Why shift operation below works and end up equal?
Is there any name for this pattern?
I am trying to find out what was going on in the head of the person who wrote this code!
int i = 0x1;
i |= 0x1 << 1;
i |= 0x1 << 2;
i |= 0x1 << 3;
i |= 0x1 << 4;
i |= 0x1 << 5;
int j = 5;
if( ((0x1 << (j + 1)) - 1) == i)
{
// WHY?
}
I tried to check if this is true for all numbers but only works up to 31.

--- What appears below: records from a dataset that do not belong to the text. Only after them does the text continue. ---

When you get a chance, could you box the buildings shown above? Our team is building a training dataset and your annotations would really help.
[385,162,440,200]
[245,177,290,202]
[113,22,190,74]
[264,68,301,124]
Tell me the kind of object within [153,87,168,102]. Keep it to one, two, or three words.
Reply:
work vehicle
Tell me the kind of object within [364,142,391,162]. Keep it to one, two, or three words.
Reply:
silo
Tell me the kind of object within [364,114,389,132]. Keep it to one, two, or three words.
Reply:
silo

for (int i = 1; i <= 100; i++) {
int total_1 = 0x1;
for (int j = 1; j <= i; j++) {
total_1 |= 0x1 << j;
}
int total_2 = (0x1 << (i + 1)) - 1;
if (total_2 == total_1) {
} else {
cout << i << endl;
break;
}
}
UPDATE
Please explain the first part why they would end up equal?
>Solution :
Is there any name for this pattern?
0x1u << pos (or just 1u << pos) is a pattern for getting a number with only the bit in position pos is set. Using signed 0x1 is usually an anti-pattern.
i |= 1u << pos is a pattern for setting a bit in position pos of the integer i.

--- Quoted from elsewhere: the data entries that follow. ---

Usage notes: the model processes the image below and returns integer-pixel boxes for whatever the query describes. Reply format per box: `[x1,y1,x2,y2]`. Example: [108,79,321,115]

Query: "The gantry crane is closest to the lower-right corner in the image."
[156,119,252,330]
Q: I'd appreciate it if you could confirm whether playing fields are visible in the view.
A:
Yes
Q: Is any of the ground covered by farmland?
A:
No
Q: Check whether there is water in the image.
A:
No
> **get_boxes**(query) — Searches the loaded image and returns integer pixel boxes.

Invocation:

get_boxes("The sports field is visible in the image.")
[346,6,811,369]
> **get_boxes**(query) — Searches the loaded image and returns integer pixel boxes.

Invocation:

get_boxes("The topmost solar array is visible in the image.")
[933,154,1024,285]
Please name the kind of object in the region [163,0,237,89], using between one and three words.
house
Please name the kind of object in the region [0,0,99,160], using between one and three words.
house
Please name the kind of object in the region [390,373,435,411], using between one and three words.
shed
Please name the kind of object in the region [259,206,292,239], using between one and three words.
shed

(1u << pos) - 1 is a pattern for creating a pattern of set bits only in positions lesser than pos.
Why shift operation below works and end up equal?

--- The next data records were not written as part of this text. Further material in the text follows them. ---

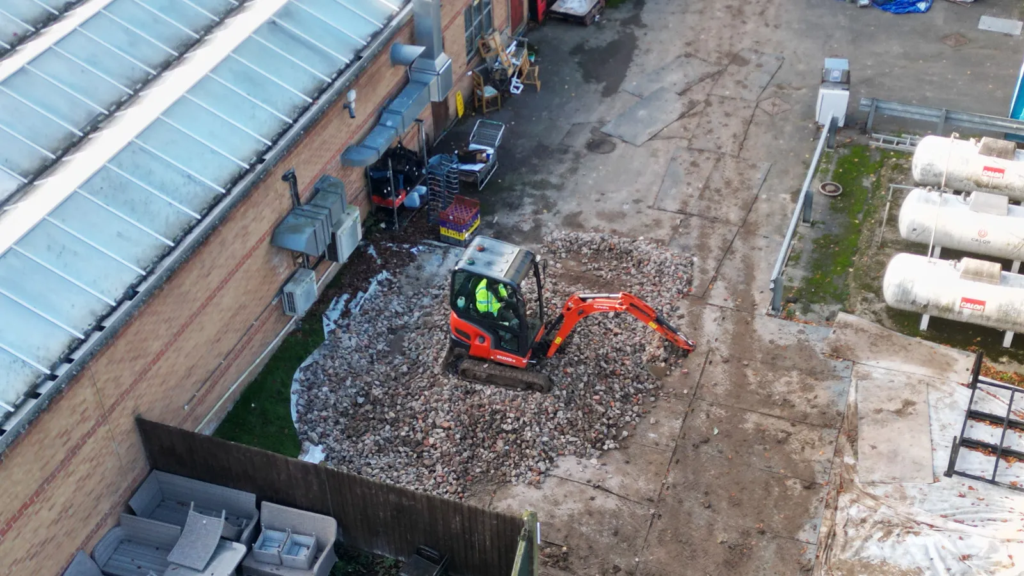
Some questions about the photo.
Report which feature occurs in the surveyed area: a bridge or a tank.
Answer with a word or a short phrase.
tank
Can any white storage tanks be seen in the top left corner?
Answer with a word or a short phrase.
No
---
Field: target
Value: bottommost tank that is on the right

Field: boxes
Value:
[884,251,1024,358]
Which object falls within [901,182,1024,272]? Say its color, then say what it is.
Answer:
white storage tank
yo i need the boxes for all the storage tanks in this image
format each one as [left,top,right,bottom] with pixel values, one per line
[884,251,1024,358]
[916,123,1024,199]
[901,182,1024,272]

Perhaps it may help to look at intermediate results:
// least significant byte
int i = 0x1; // 0b0000'0001
i |= 0x1 << 1; // 0b0000'0011
i |= 0x1 << 2; // 0b0000'0111
i |= 0x1 << 3; // 0b0000'1111
i |= 0x1 << 4; // 0b0001'1111
i |= 0x1 << 5; // 0b0011'1111
int j = 5;
0x1 << (j + 1)
0x1 << 6 // 0b0100'0000
(0x1 << (j + 1)) - 1
0b0100'0000 - 1 // 0b0011'1111
only works up to 31
int is probably 32 bits wide on your system. If you left shift a 32 bit 0x1 by 31 or greater, then the behaviour of the program is undefined. If you were to use 0x1u, then you could shift by 31, but 32 and above would be UB.